Let $\delta$ be a positive self-adjoint unbounded operator and let $u$ be a unitary operator on an infinite-dimensional Hilbert space.
Is it true that $(u \delta u)^{it} = u \delta^{it} u^{*}$ for all $t \in \mathbb{R}$?
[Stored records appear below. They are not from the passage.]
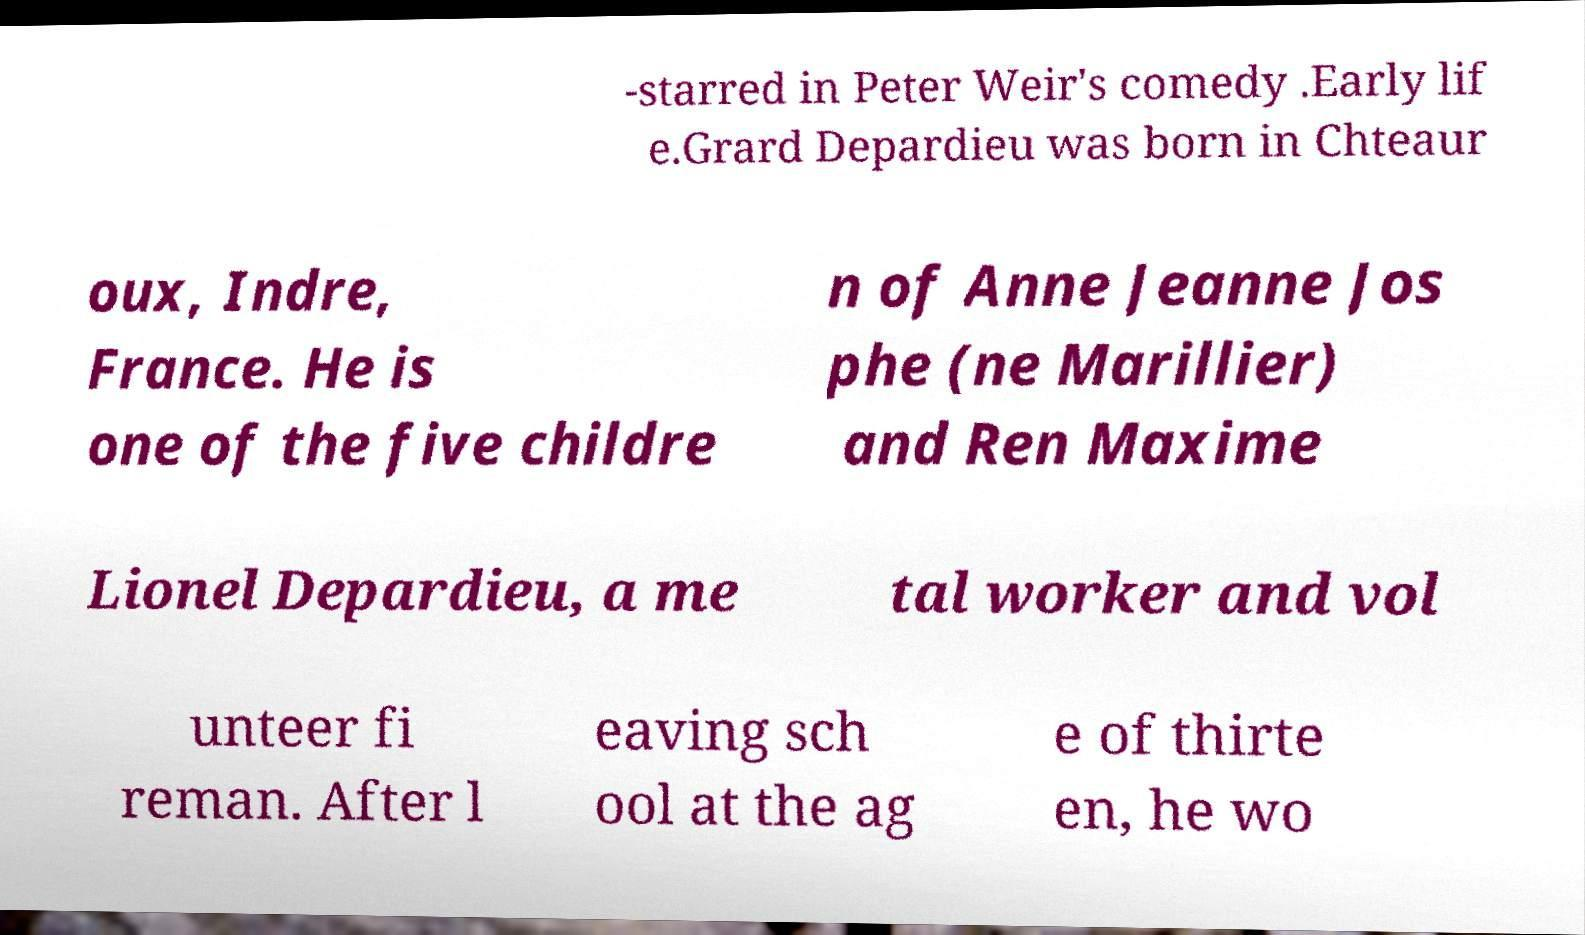Please identify and transcribe the text found in this image. -starred in Peter Weir's comedy .Early lif e.Grard Depardieu was born in Chteaur oux, Indre, France. He is one of the five childre n of Anne Jeanne Jos phe (ne Marillier) and Ren Maxime Lionel Depardieu, a me tal worker and vol unteer fi reman. After l eaving sch ool at the ag e of thirte en, he wo 
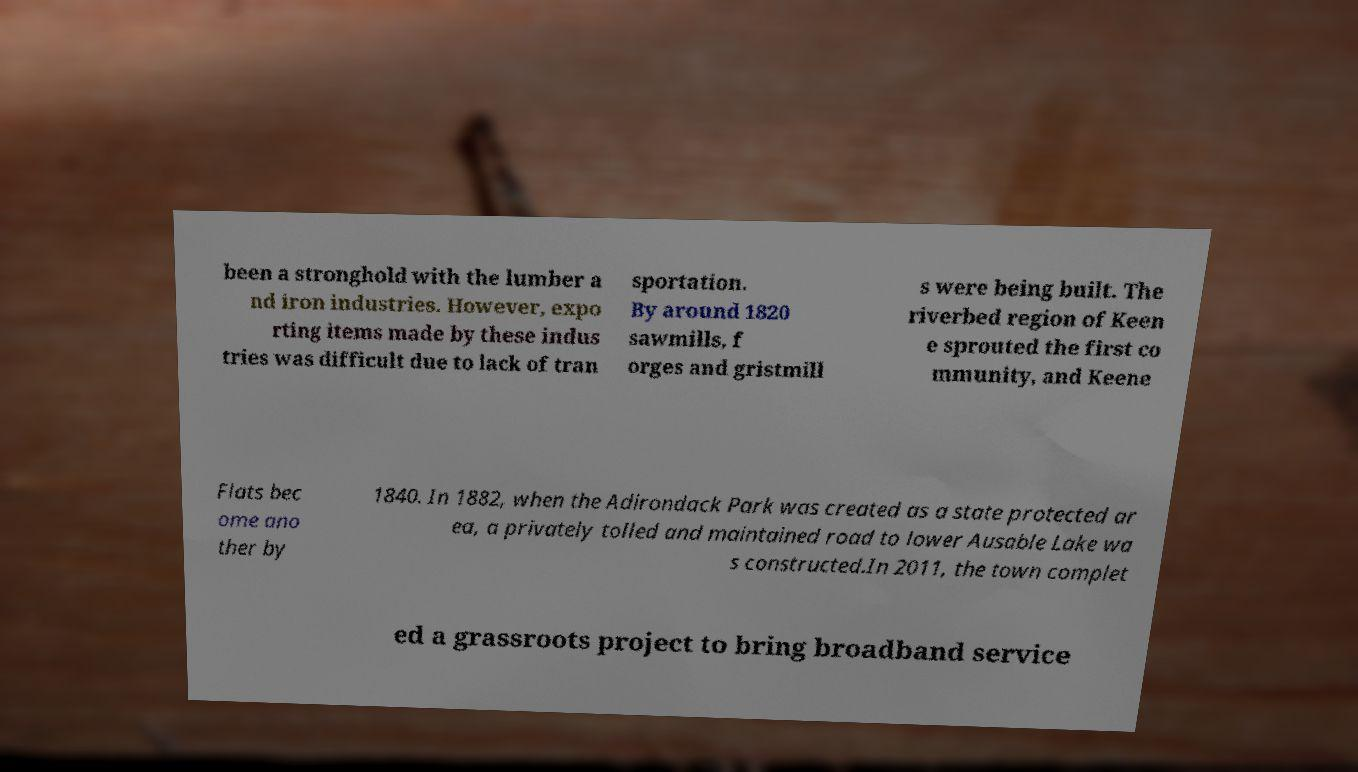There's text embedded in this image that I need extracted. Can you transcribe it verbatim? been a stronghold with the lumber a nd iron industries. However, expo rting items made by these indus tries was difficult due to lack of tran sportation. By around 1820 sawmills, f orges and gristmill s were being built. The riverbed region of Keen e sprouted the first co mmunity, and Keene Flats bec ome ano ther by 1840. In 1882, when the Adirondack Park was created as a state protected ar ea, a privately tolled and maintained road to lower Ausable Lake wa s constructed.In 2011, the town complet ed a grassroots project to bring broadband service 
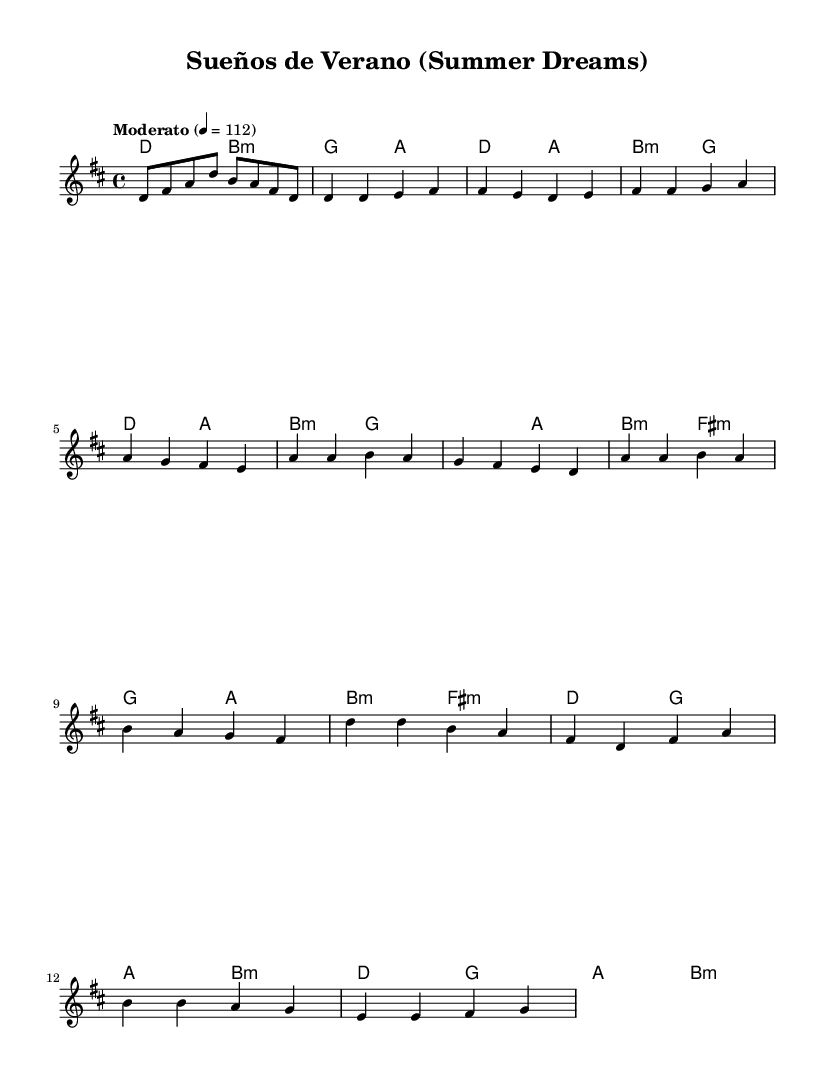What is the key signature of this music? The key signature is D major, which has two sharps (F# and C#). This is determined from the initial section of the sheet music where the key is indicated.
Answer: D major What is the time signature of this music? The time signature is 4/4, which is seen at the beginning of the sheet music. This indicates there are four beats in each measure and a quarter note gets one beat.
Answer: 4/4 What is the tempo marking for this piece? The tempo marking is "Moderato," which suggests a moderate pace. This is explicitly mentioned at the start of the music, indicating how fast it should be played.
Answer: Moderato How many measures are there in the chorus section? The chorus section consists of four measures, as can be counted by looking at the notation provided in the sheet music specifically for that section.
Answer: 4 What is the first note of the melody? The first note of the melody is D. This note can be identified at the beginning of the melody line, which starts on the note D in the staff.
Answer: D Which chords are used in the pre-chorus? The chords used in the pre-chorus are G, A, B minor, and F sharp minor. This can be determined by examining the chord symbols directly above the melody in the pre-chorus section of the sheet music.
Answer: G, A, B minor, F sharp minor 
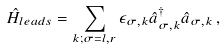Convert formula to latex. <formula><loc_0><loc_0><loc_500><loc_500>\hat { H } _ { l e a d s } = \sum _ { k ; \sigma = l , r } \epsilon _ { \sigma , k } \hat { a } ^ { \dagger } _ { \sigma , k } \hat { a } _ { \sigma , k } \, ,</formula> 
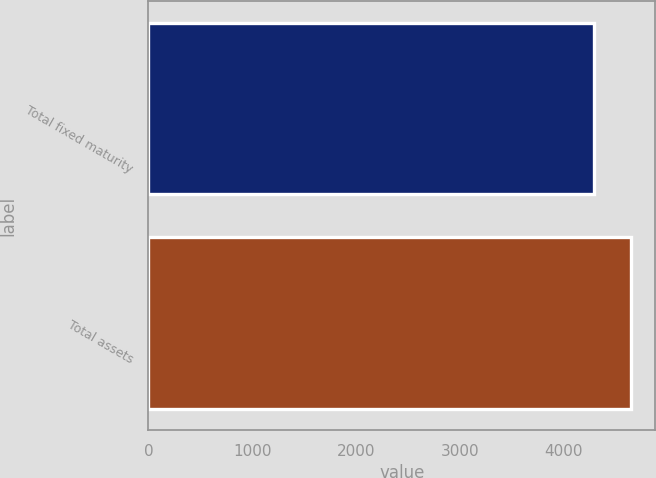Convert chart. <chart><loc_0><loc_0><loc_500><loc_500><bar_chart><fcel>Total fixed maturity<fcel>Total assets<nl><fcel>4291<fcel>4651<nl></chart> 
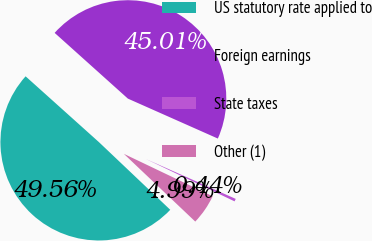Convert chart to OTSL. <chart><loc_0><loc_0><loc_500><loc_500><pie_chart><fcel>US statutory rate applied to<fcel>Foreign earnings<fcel>State taxes<fcel>Other (1)<nl><fcel>49.56%<fcel>45.01%<fcel>0.44%<fcel>4.99%<nl></chart> 
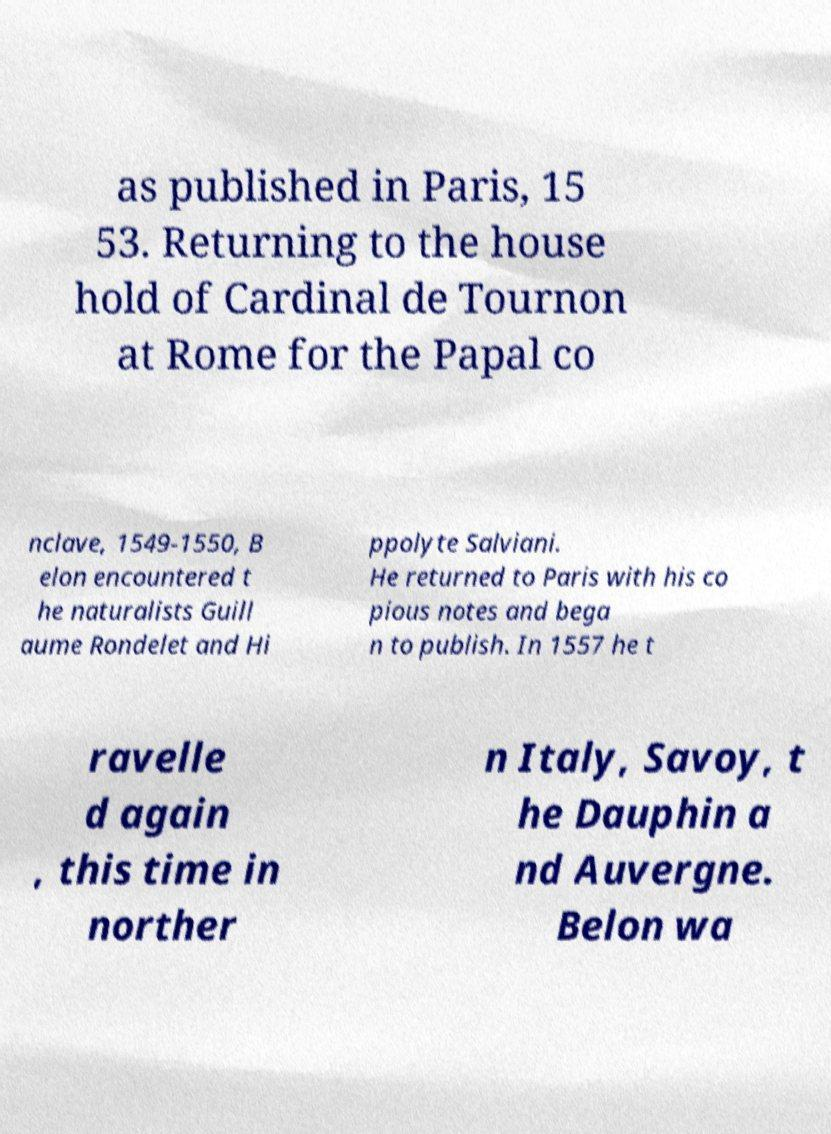There's text embedded in this image that I need extracted. Can you transcribe it verbatim? as published in Paris, 15 53. Returning to the house hold of Cardinal de Tournon at Rome for the Papal co nclave, 1549-1550, B elon encountered t he naturalists Guill aume Rondelet and Hi ppolyte Salviani. He returned to Paris with his co pious notes and bega n to publish. In 1557 he t ravelle d again , this time in norther n Italy, Savoy, t he Dauphin a nd Auvergne. Belon wa

I have a computation that would indicate this is true, but I'm not sure if all the steps are actually valid. First, note that there exists an unbounded self-adjoint operator $A$ such that $\delta^{it} = e^{itA}$. We then have \begin{equation*} -i\frac{d}{dt}\bigg|_{t=0} (u \delta u^{*})^{it} =-i\frac{d}{dt}\bigg|_{t=0} (u e^{A} u^{*})^{it} = -i\frac{d}{dt}\bigg|_{t=0} (e^{uAu^{*}})^{it} = uAu^{*}. \end{equation*} On the other hand, we have \begin{equation*} -i\frac{d}{dt}\bigg|_{t=0} u \delta^{it} u^{*} = -i\frac{d}{dt}\bigg|_{t=0} u e^{itA} u^{*} = uAu^{*}. \end{equation*} By Stone's theorem on one-parameter unitary groups we would then conclude that indeed $(u\delta u)^{it} = u \delta^{it}u^{*}$.
I'm not sure if I'm actually allowed to conclude that $\delta = e^{A}$, and I'm also unsure about $(u e^{A} u^{*}) = e^{uAu^{*}}$.